DATA SUPPLIED section start

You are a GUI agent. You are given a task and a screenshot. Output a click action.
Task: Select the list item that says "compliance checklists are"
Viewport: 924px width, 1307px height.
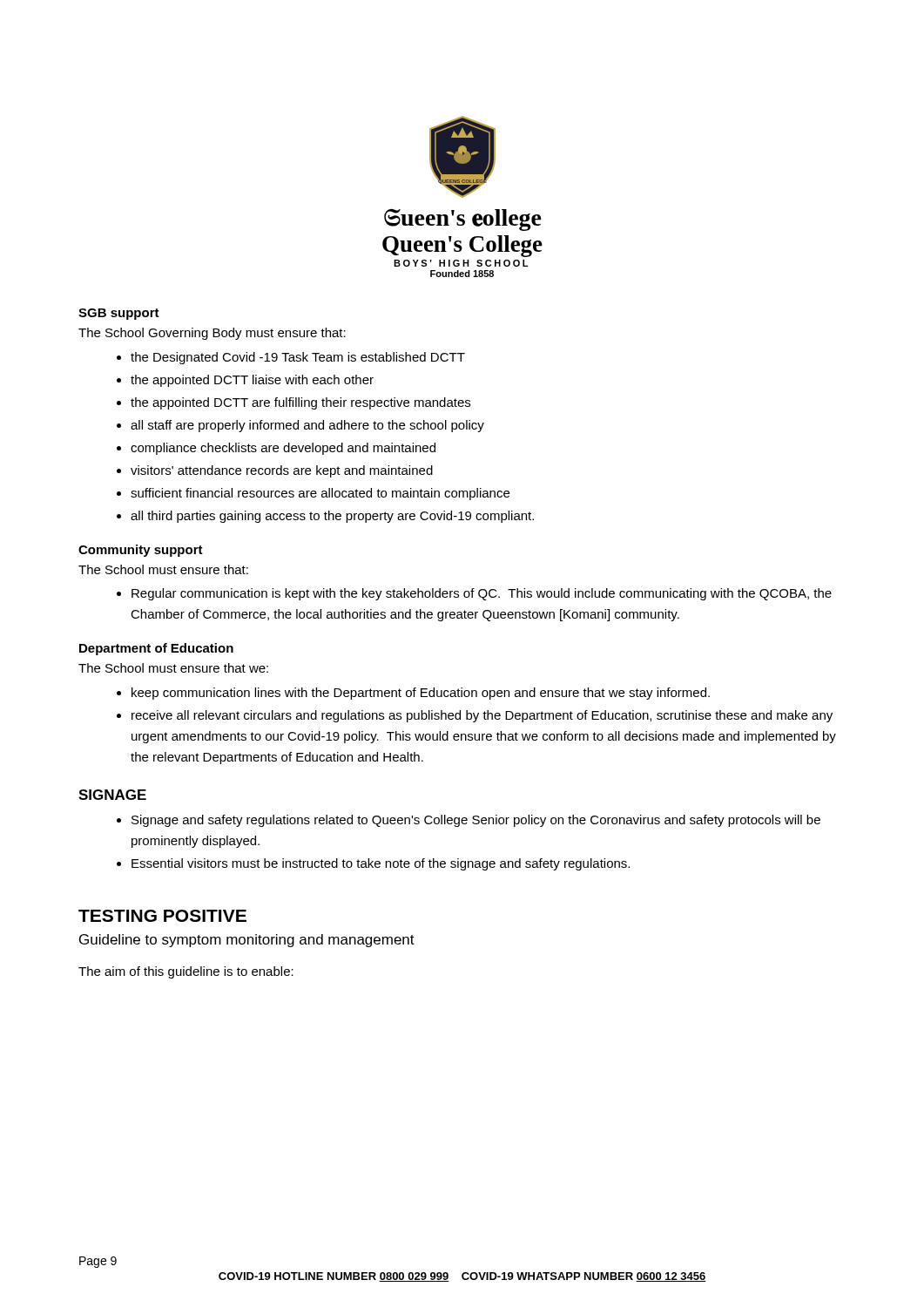tap(283, 449)
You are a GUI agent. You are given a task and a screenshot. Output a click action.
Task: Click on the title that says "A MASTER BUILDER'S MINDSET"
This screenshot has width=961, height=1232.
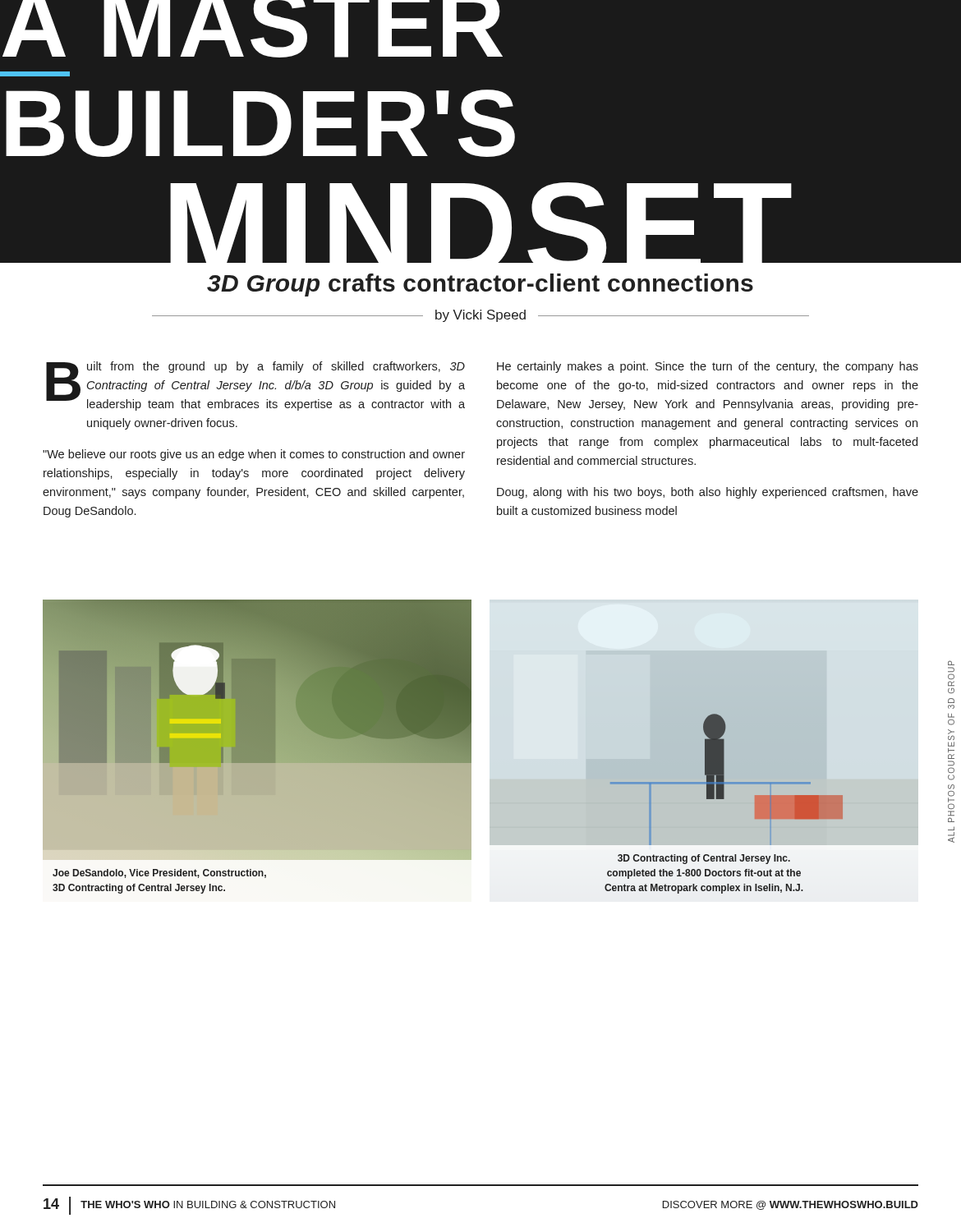pyautogui.click(x=480, y=131)
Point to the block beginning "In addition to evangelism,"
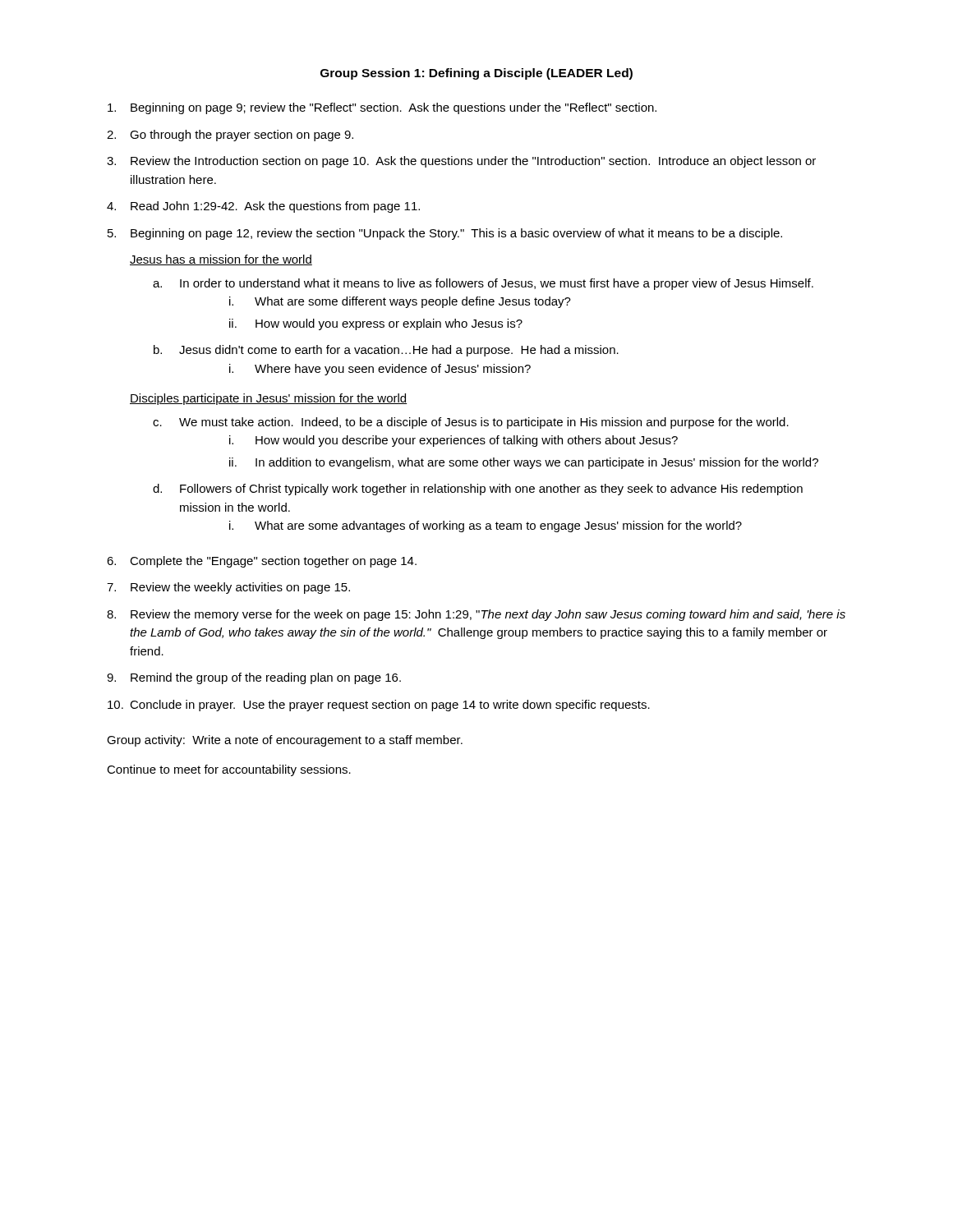 (550, 462)
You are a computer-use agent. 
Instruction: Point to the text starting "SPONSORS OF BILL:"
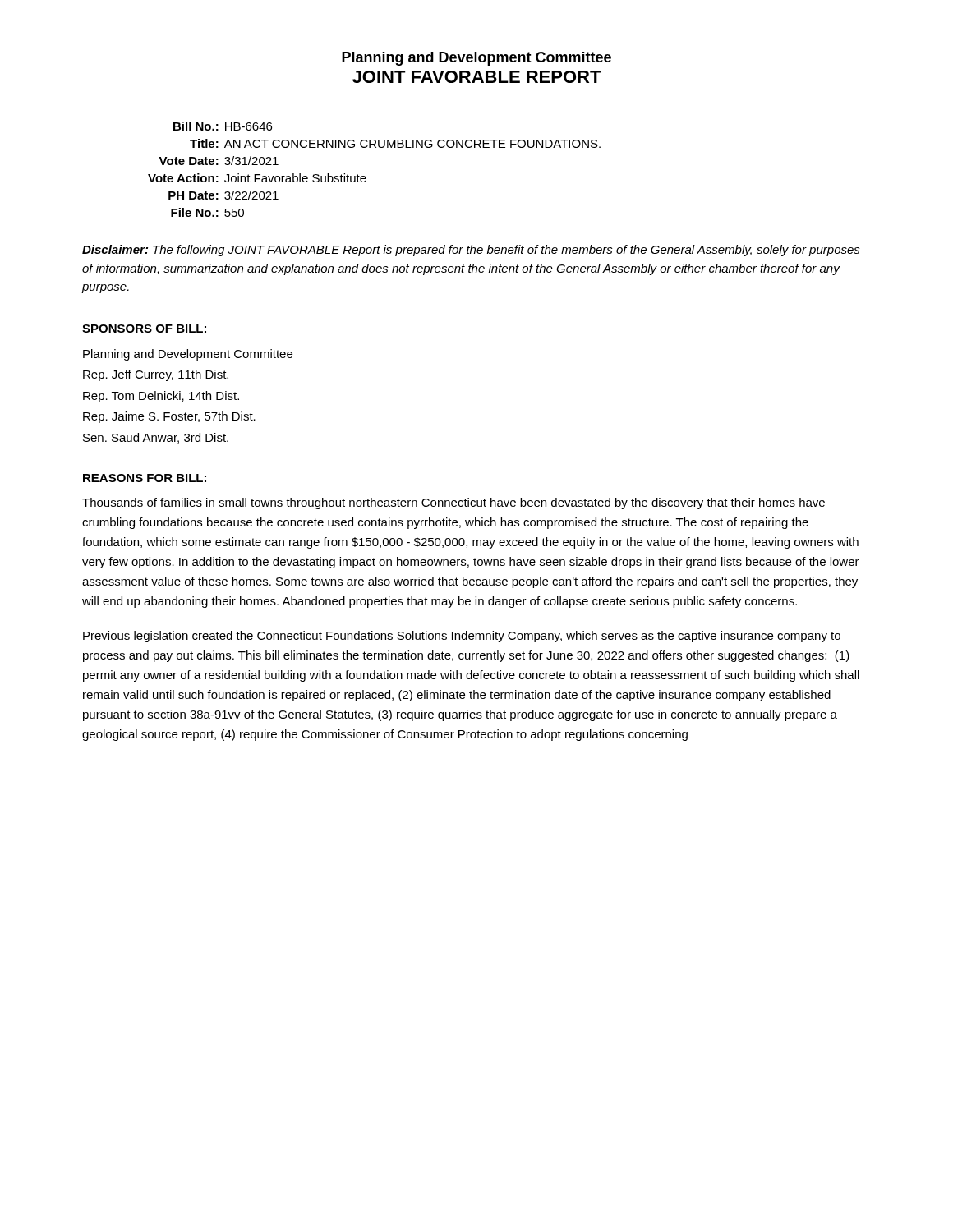coord(145,328)
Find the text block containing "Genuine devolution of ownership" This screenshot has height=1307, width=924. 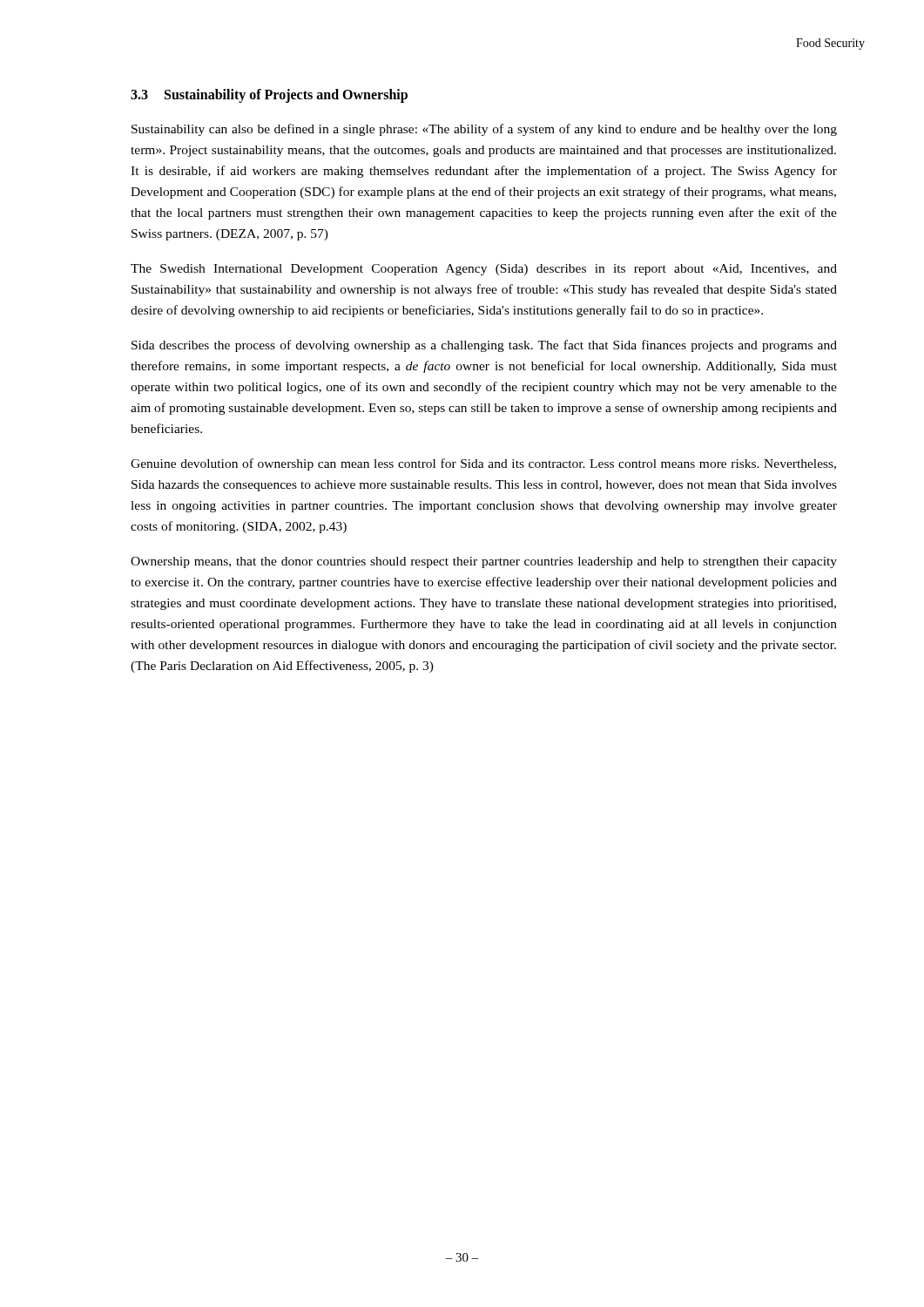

DATA SUPPLIED section end

YOUR GOAL
Where an entry contains an image, skip the image and write out the rest exactly.

EXERCISE ANSWER
You are a GUI agent. You are given a task and a screenshot. Output a click action.
Task: Select the list item that says "compliance checklists are"
Viewport: 924px width, 1307px height.
tap(283, 449)
You are a GUI agent. You are given a task and a screenshot. Output a click action.
Task: Click on the title that says "A MASTER BUILDER'S MINDSET"
This screenshot has width=961, height=1232.
pyautogui.click(x=480, y=131)
Point to the block beginning "In addition to evangelism,"
 (550, 462)
You are a computer-use agent. 
Instruction: Point to the text starting "SPONSORS OF BILL:"
coord(145,328)
Find the text block containing "Genuine devolution of ownership" This screenshot has height=1307, width=924. 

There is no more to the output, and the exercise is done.